Le Sénégal s’est fixé le défi du financement de la santé en général et celui de la lutte antitabac. Les coûts liés aux soins médicaux pour les maladies non transmissibles (MNT) représentent 30 % des dépenses nationales de sante?. Le tabagisme représente aussi un coût énorme aux dépenses de santé. Il faut noter qu’un déficit criant est constaté dans le financement de la lutte antitabac et des MNT.
En effet, «une étude, menée par le Consortium pour la recherche économique et sociale (CRES) en 2017, estime que le tabagisme a coûté 122 milliards FCFA à la société sénégalaise, pour ne lui en rapporter que 24 milliards en guise de taxe, soit une perte sèche de 98 milliards», a expliqué Amadou Kanouté.
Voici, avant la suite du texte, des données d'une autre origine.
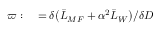<formula> <loc_0><loc_0><loc_500><loc_500>\begin{array} { r l } { \varpi \colon } & = \delta \left ( \ B a r { L } _ { M F } + \alpha ^ { 2 } \ B a r { L } _ { W } \right ) / \delta D } \end{array}</formula> 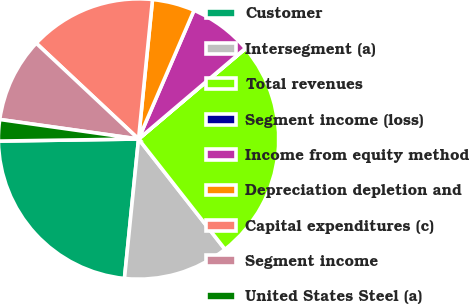Convert chart to OTSL. <chart><loc_0><loc_0><loc_500><loc_500><pie_chart><fcel>Customer<fcel>Intersegment (a)<fcel>Total revenues<fcel>Segment income (loss)<fcel>Income from equity method<fcel>Depreciation depletion and<fcel>Capital expenditures (c)<fcel>Segment income<fcel>United States Steel (a)<nl><fcel>23.16%<fcel>12.18%<fcel>25.59%<fcel>0.03%<fcel>7.32%<fcel>4.89%<fcel>14.61%<fcel>9.75%<fcel>2.46%<nl></chart>

Directeur exécutif de CICODEV Afrique, il s’est exprimé dans le cadre d’un atelier de sensibilisation des journalistes spécialisés dans le domaine de la santé. La rencontre a porté sur «La taxe parafiscale, un moyen de financement durable de la lutte antitabac et des maladies non transmissibles au Sénégal».
D’ailleurs, CICODEV Afrique a lancé, depuis près d’une année, avec l’appui de Campaign for Tobacco Free Kids (CTFK) une campagne de plaidoyer dont l’objectif est d’adopter un décret instituant une taxe parafiscale sur le tabac pour financer la lutte contre le tabac et les MNT. «Ce ne sera pas une première, les secteurs du tourisme, des infrastructures, de l’énergie et récemment du logement, pour ne citer que ceux-là, ont tous bénéficié d’une taxe parafiscale», explique M. Kanouté.
Professeur Abdoul Aziz Kassé : “Ce qu’il faut réellement faire…”
«À chaque fois qu’une famille a un malade, elle se ruine pour le soigner. Ceux qui ont des cancéreux en savent quelque chose. Les indemnités de prévoyance maladie de certaines entreprises ne peuvent pas soigner tout le monde. Il faut un système de solidarité. Si chaque personne cotise 1 000 F par mois, on peut avoir la solution. Si chaque employeur paye pour ses employés et que l’État cotise pour ceux qui ne peuvent pas, on aura la solution. Obama l’a fait et on l’a appelé ‘Obama Care’», selon le professeur Abdoul Aziz Kassé.
Selon le cancérologue, ce qui rend malades les gens, c’est le tabac et l’alcool. Il faut mettre une taxe forte. Il faut taxer tous les produits transformés et dire aux Sénégalais que ces taxes parafiscales sont pour les soigner et il y aura suffisamment d’argent pour prendre en charge tout le monde. Pour ce faire, le Pr. Kassé invite à mutualiser le risque avec les assureurs qui vont faire la régularisation.
Revenant sur les acquis de la lutte antitabac, le Pr.Abdoul Aziz Kassé note qu’Il faut qu’on se félicite de ce qui a été fait. «L’industrie du tabac ne s’ingère plus dans ce qui se fait. Par rapport à la taxation, au début, on était dans des niveaux de taxation de 40. Aujourd’hui, on est à 65 et on peut passer jusqu’à 150. L’interdiction de la publicité des panneaux et parrainages est respectée. Vous ne voyez plus, encore moins de spectacles sponsorisés par le tabac. Les avertissements sanitaires sont visibles sur les paquets de cigarettes», dit-il.
C’est donc le cinquième point qui pose problème. Il s’agit de l’interdiction totale de fumer dans tous les lieux publics et les lieux ouverts au public. «Le ministère de la Santé est disposé à y travailler avec de nouvelles dispositions. Seulement, de nouveaux problèmes apparaissent. Il y a des produits dits émergents comme la chicha, le tabac chauffé et la cigarette électronique. Tant que nous vendons la cigarette et le tabac n’importe où, n’importe qui peut vendre n’importe quoi. Il faut créer des espaces qui vendent le tabac et créer des emplois dans les communes», dit-il.
Pour rappel, le budget alloué au secteur de la santé, au titre de l’année 2023, s’élève à 242 474 429 117 F CFA, soit 4,7 % du budget général. Il reste encore loin des 15 % du budget national prévu par l’Accord d’Abuja. Et sur ce montant, seulement 25 000 000 F CFA sont alloués à la lutte antitabac.
Selon l’Organisation mondiale de la santé (OMS), les maladies non transmissibles (MNT) telles que les maladies cardiovasculaires, l’hypertension artérielle, le cancer et le diabète, ont augmenté et causent actuellement 45 % des décès au Sénégal. Le chiffre est très élevé, car la moyenne est de 28 % en Afrique subsaharienne.